-- AVAILABLE RECORDS follows --

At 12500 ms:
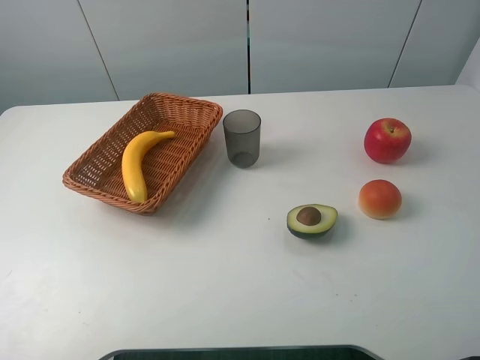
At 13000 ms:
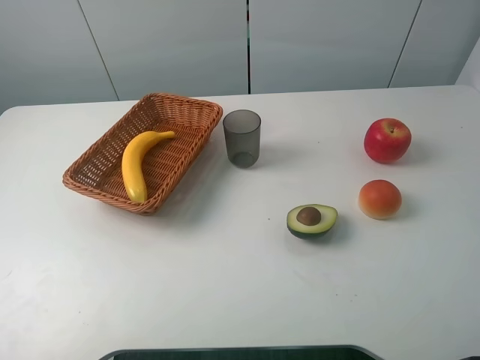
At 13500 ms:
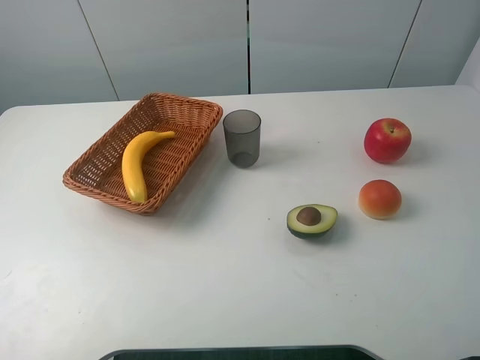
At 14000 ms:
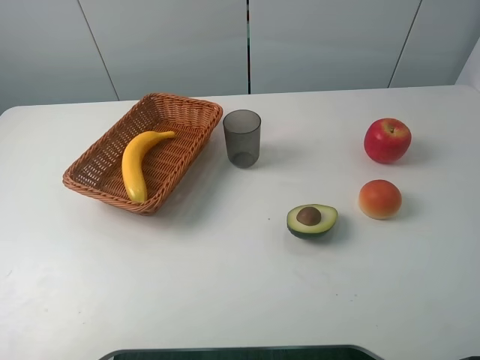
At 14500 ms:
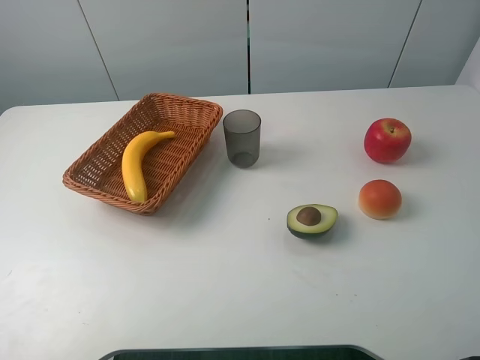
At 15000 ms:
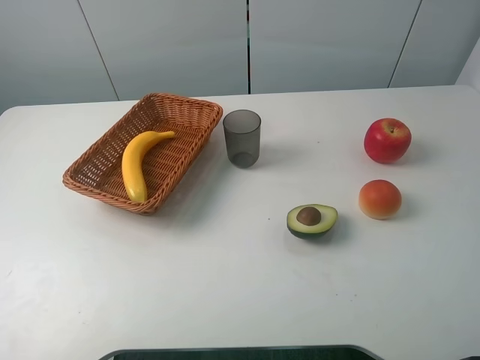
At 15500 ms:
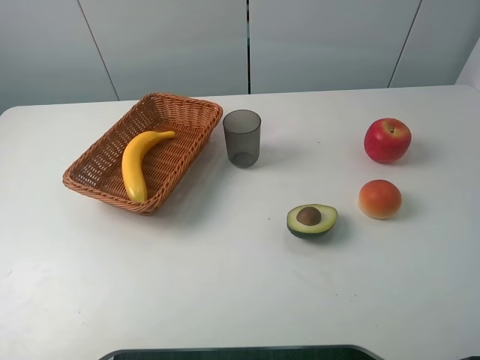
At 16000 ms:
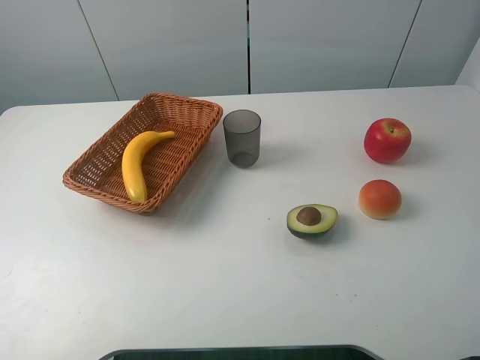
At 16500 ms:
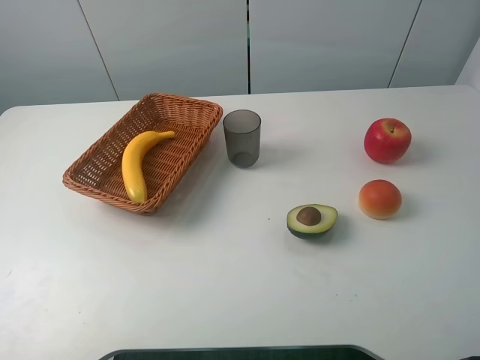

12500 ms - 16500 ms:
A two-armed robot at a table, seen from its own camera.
Task of the whole recording: randomly pick up an item from the table and put it in the basket.
14500 ms - 16500 ms: Neither gripper changes place.

-- AVAILABLE RECORDS concluded --

=== EXERCISE GOAL ===
Pictures stay out, but every record above is to be returned exactly.

=== ANSWER TO THIS TASK ===
At 12500 ms:
At 13000 ms:
At 13500 ms:
At 14000 ms:
At 14500 ms:
At 15000 ms:
At 15500 ms:
At 16000 ms:
At 16500 ms:

12500 ms - 16500 ms:
A two-armed robot at a table, seen from its own camera.
Task of the whole recording: randomly pick up an item from the table and put it in the basket.
14500 ms - 16500 ms: Neither gripper changes place.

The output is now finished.